With the rapid development of machine vision and the expansion of information technology, image and video data are increasingly being utilized across various domains. Modern life, work, and learning have become highly dependent on visual information. Compared to textual data, images offer greater intuitiveness and stronger expressive power [1]. A typical image often contains a scene composed of multiple objects. Understanding an image involves identifying these objects to perceive the overall environment. Therefore, scene recognition and object detection are closely related and represent key research directions in the field of machine vision.

Scene recognition refers to the use of computational methods to analyze and interpret visual content, extracting object categories and their spatial positions to understand the scene context. Scenes can be broadly categorized into natural and artificial environments. Natural scenes include both indoor and outdoor settings formed through natural processes, while artificial scenes involve man-made elements such as people, vehicles, buildings, and infrastructure [2]. In natural scenes, object detection and scene recognition technologies help extract semantic information more effectively, supporting intelligent image classification and retrieval. In artificial scenes, these technologies enable fast identification of objects and environmental contexts, with wide applications in intelligent surveillance systems and autonomous driving.

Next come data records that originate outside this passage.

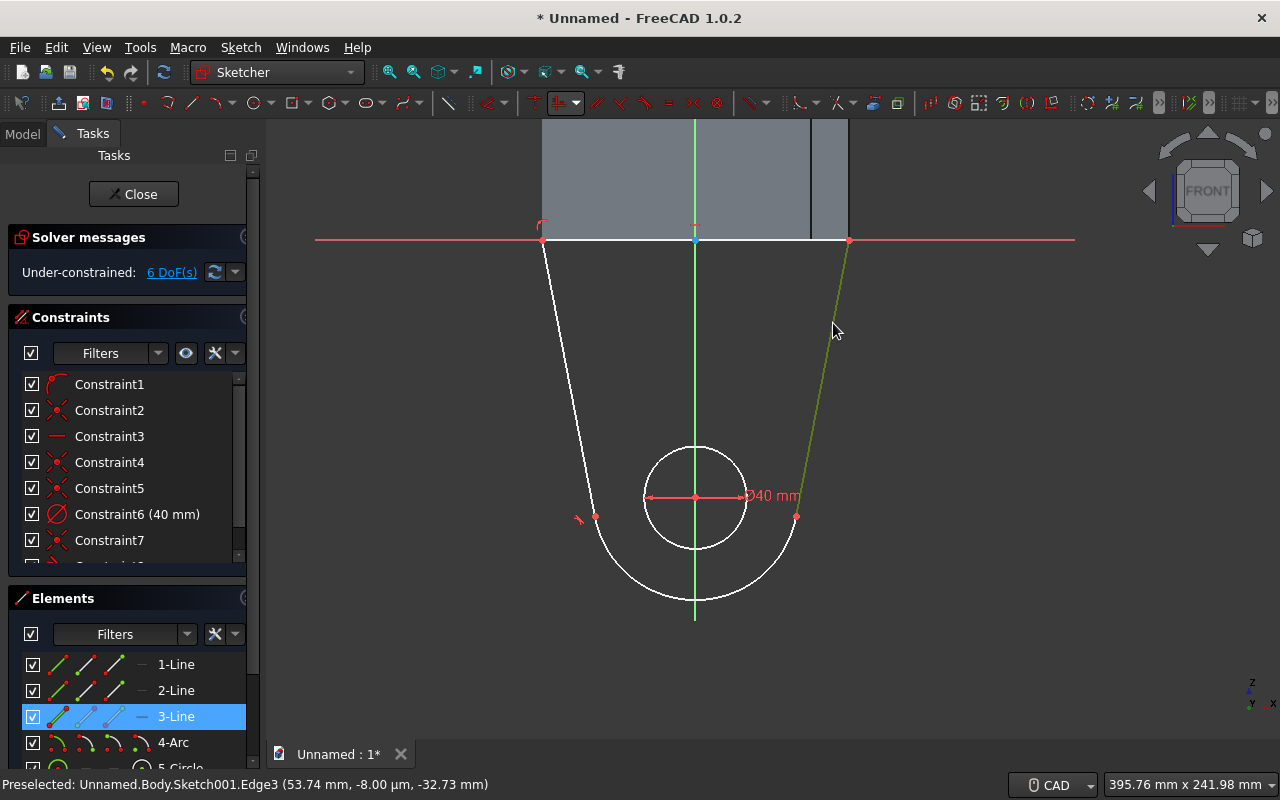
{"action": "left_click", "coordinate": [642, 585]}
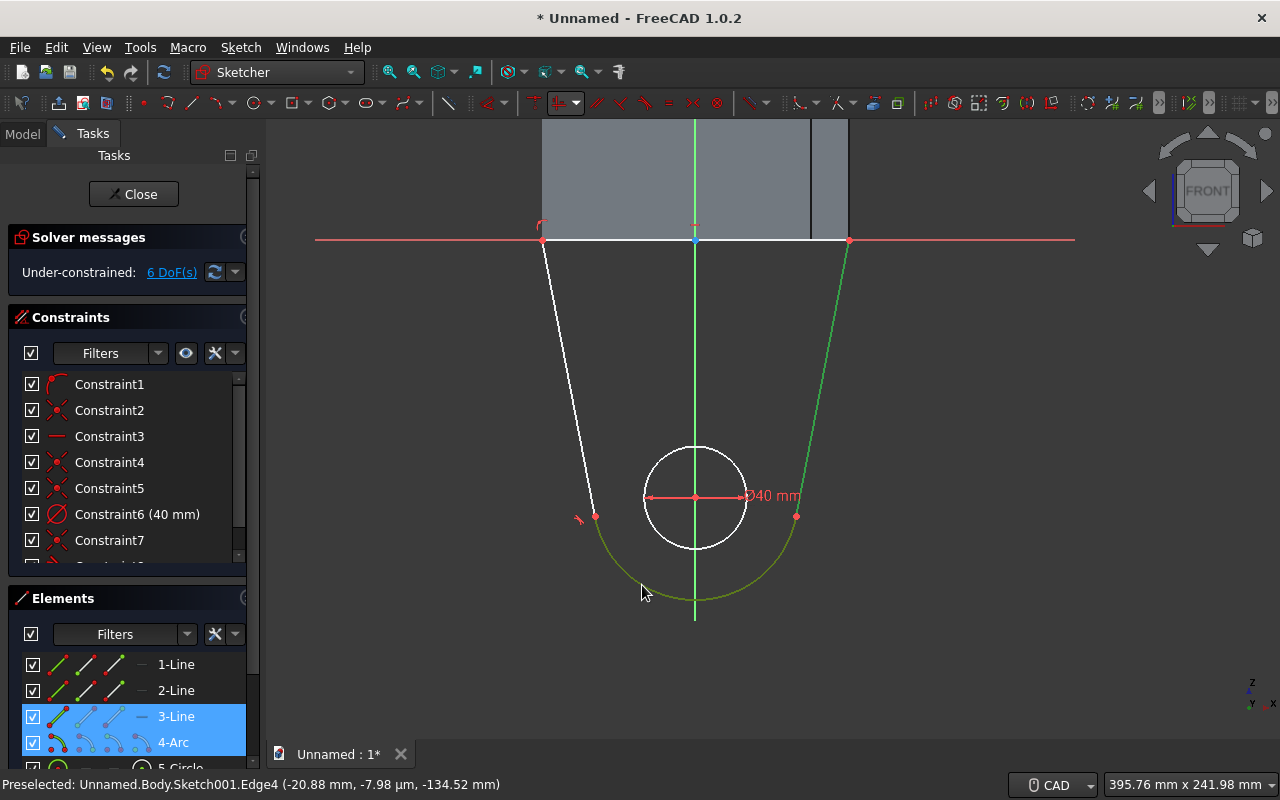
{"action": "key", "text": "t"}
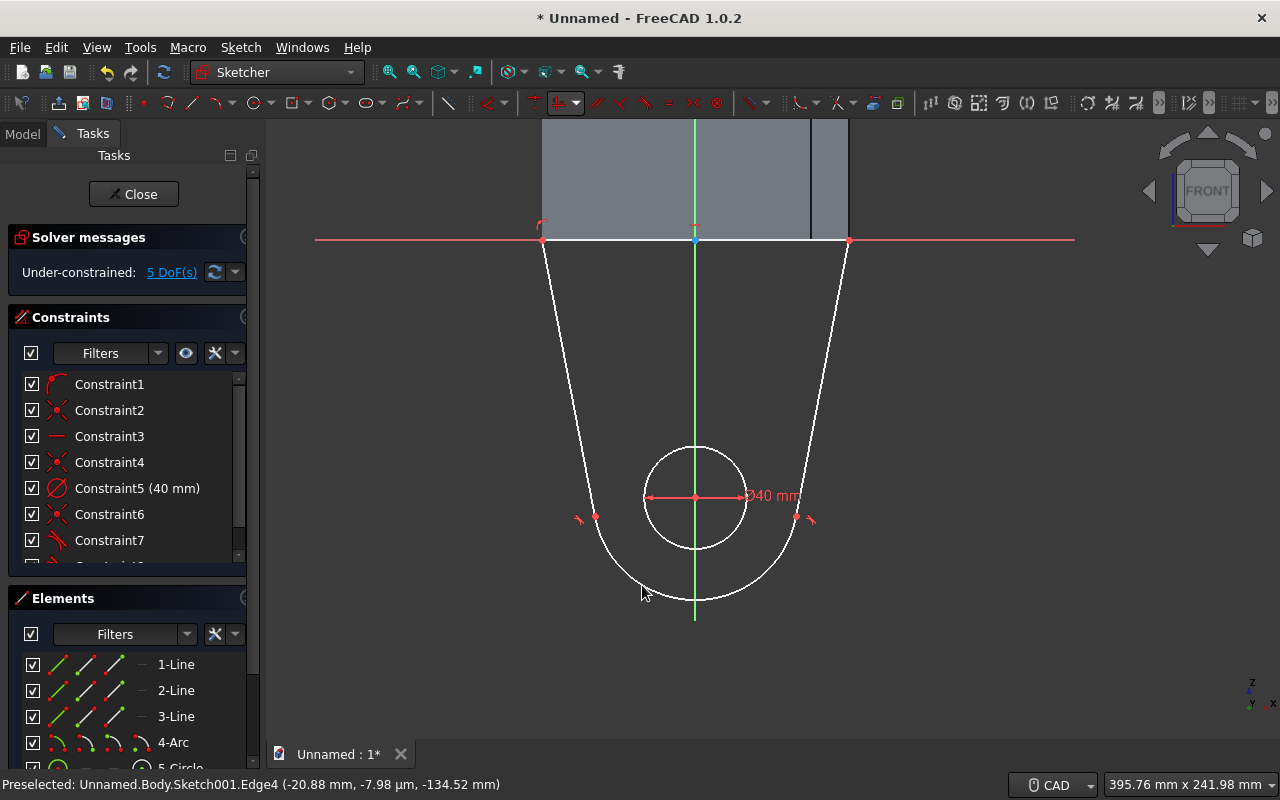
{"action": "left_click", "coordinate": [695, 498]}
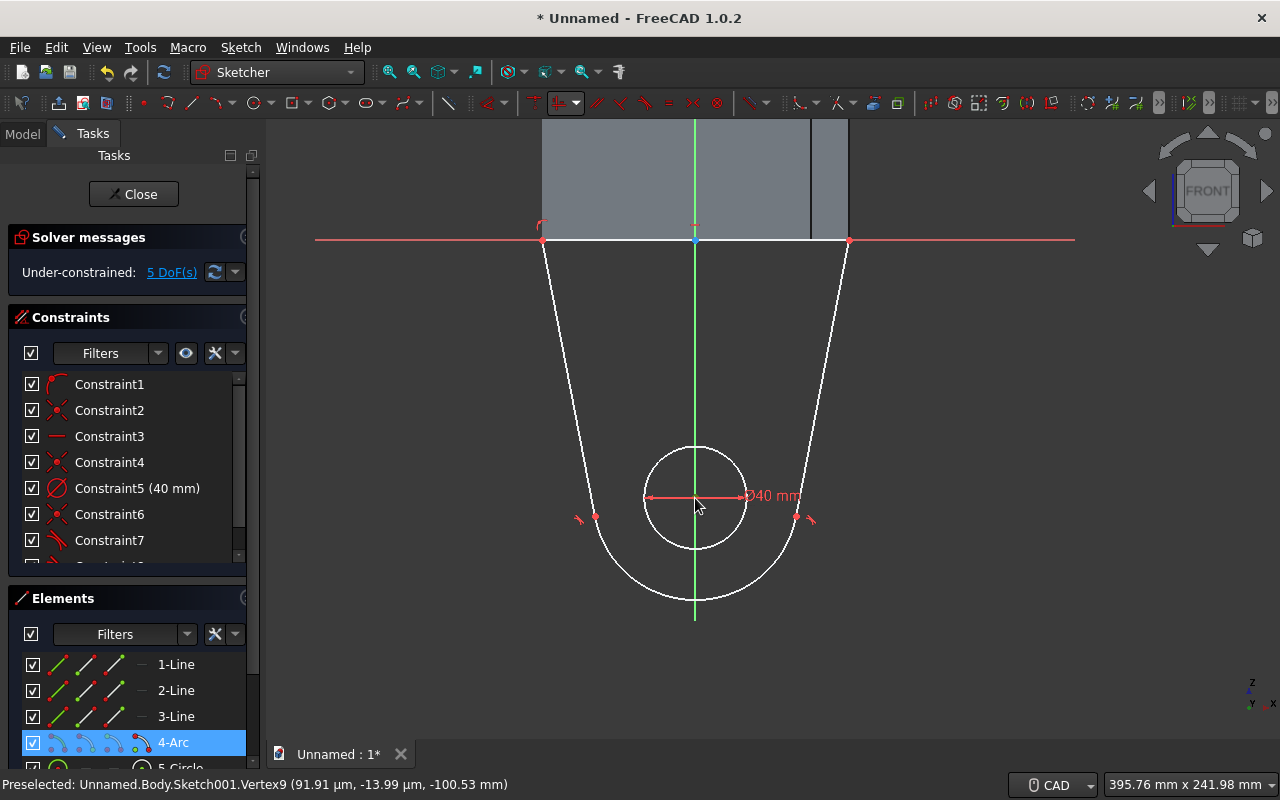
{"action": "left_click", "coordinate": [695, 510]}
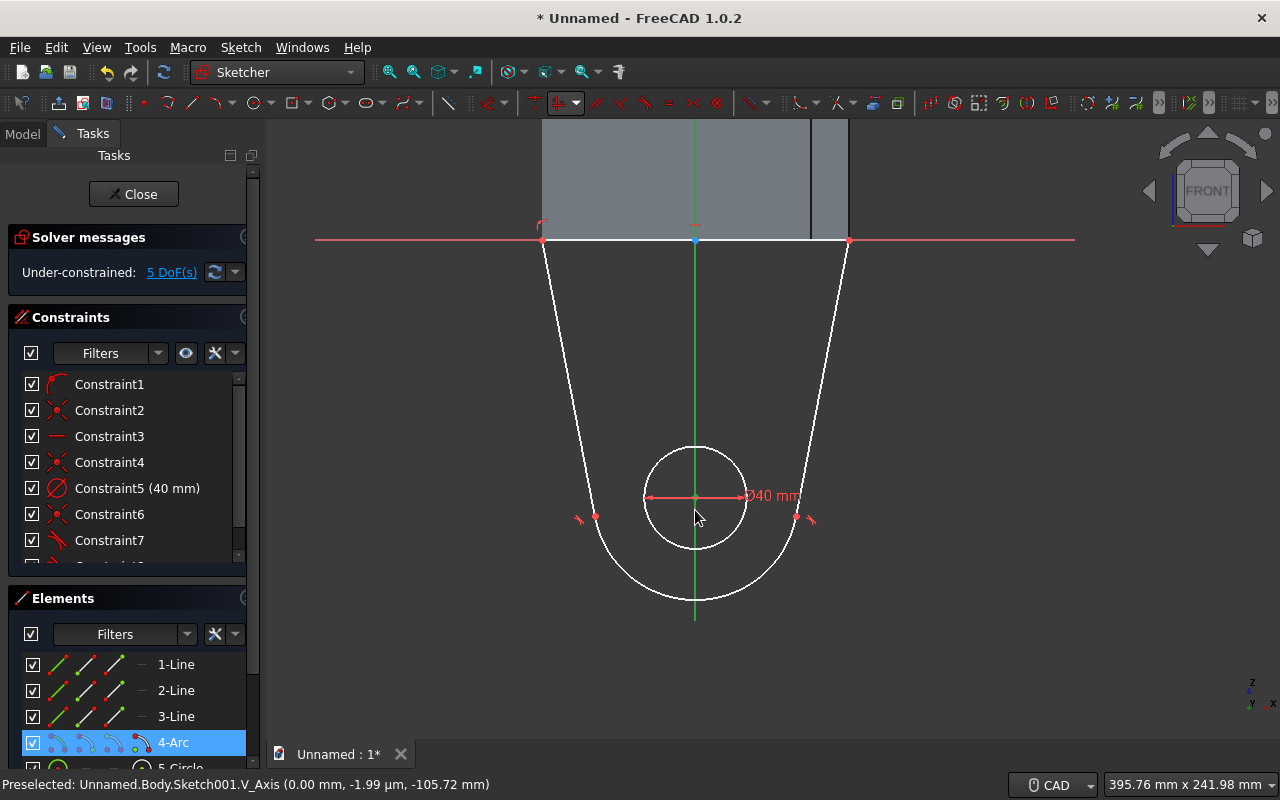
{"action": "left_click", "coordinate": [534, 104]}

Indoor scene understanding plays a crucial role in scene classification and is widely applied in smart homes, intelligent image retrieval, indoor monitoring, and service robotics. In smart home systems, these technologies monitor device status for automated control, enhancing user experience—for instance, by adjusting lighting or air conditioning based on room conditions [3]. In image classification tasks, object detection and scene recognition techniques allow for the automatic extraction of object categories and locations, replacing manual classification, improving efficiency, and reducing labor costs [4]. In video surveillance, they enable real-time detection of specific objects and events, allowing for immediate alerts and responses, thereby increasing monitoring effectiveness while reducing human intervention. In intelligent service robots, accurate indoor object detection and scene recognition enable better environmental awareness, helping robots perform complex tasks like object grasping and obstacle avoidance, thus improving task completion efficiency. Therefore, developing robust indoor object detection and scene recognition algorithms holds significant research value [5].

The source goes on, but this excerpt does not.